■ Exercise: Output the full listing below exactly, without the pictures.

■ Collected material:

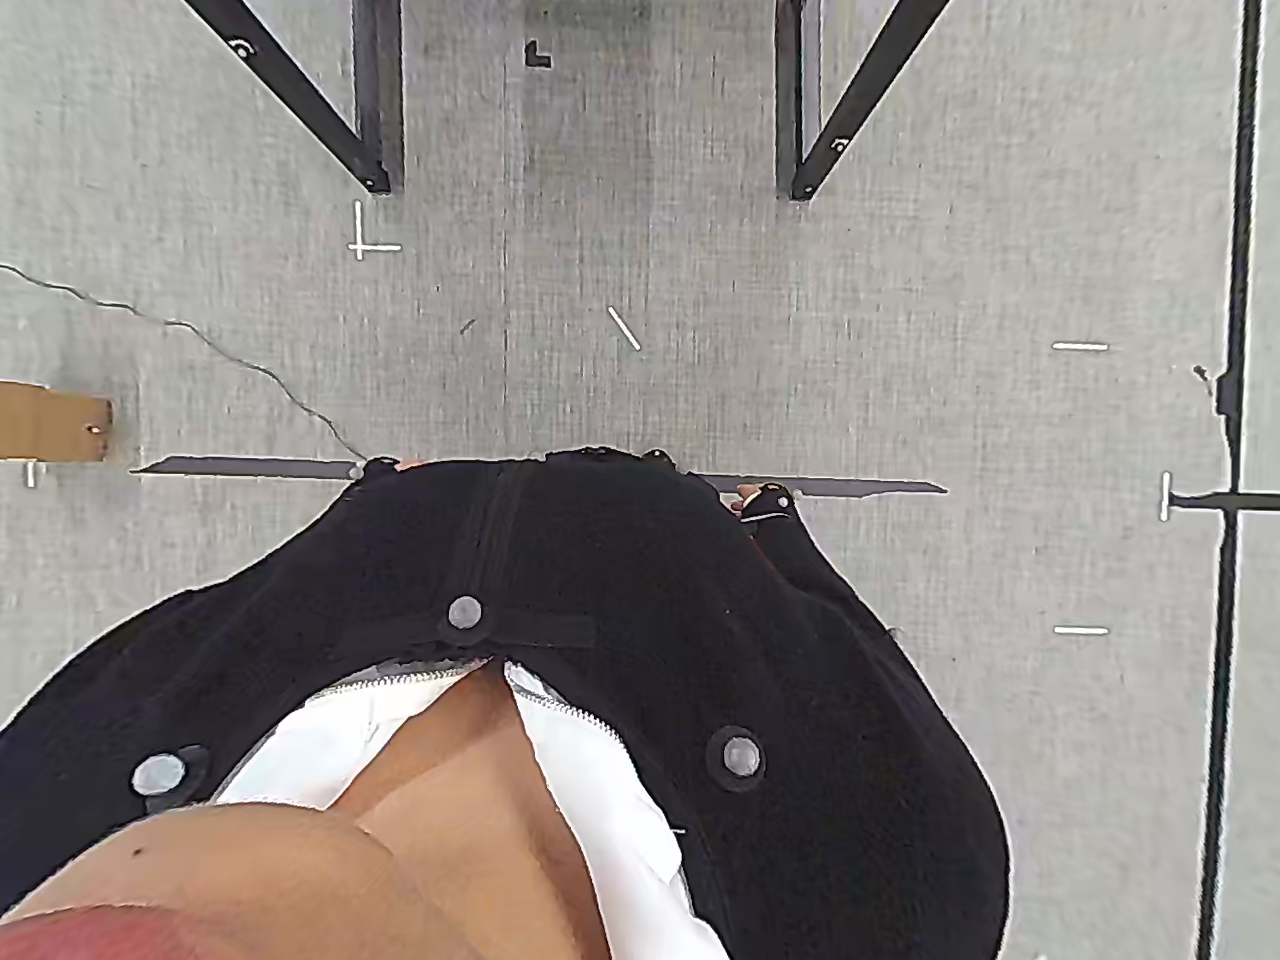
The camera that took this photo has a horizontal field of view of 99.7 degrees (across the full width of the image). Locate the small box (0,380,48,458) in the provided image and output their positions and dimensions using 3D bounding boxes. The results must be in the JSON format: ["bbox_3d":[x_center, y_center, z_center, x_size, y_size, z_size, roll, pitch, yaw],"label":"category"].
[{"bbox_3d":[-1.490,-0.139,1.205,0.168,0.176,0.179,2,92,-2],"label":"small box"}]

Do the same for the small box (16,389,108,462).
[{"bbox_3d":[-1.511,-0.142,1.370,0.168,0.176,0.179,8,91,-2],"label":"small box"}]

■ Written answer:
The camera that took this photo has a horizontal field of view of 99.7 degrees (across the full width of the image). Locate the small box (0,380,48,458) in the provided image and output their positions and dimensions using 3D bounding boxes. The results must be in the JSON format: ["bbox_3d":[x_center, y_center, z_center, x_size, y_size, z_size, roll, pitch, yaw],"label":"category"].
[{"bbox_3d":[-1.490,-0.139,1.205,0.168,0.176,0.179,2,92,-2],"label":"small box"}]

Do the same for the small box (16,389,108,462).
[{"bbox_3d":[-1.511,-0.142,1.370,0.168,0.176,0.179,8,91,-2],"label":"small box"}]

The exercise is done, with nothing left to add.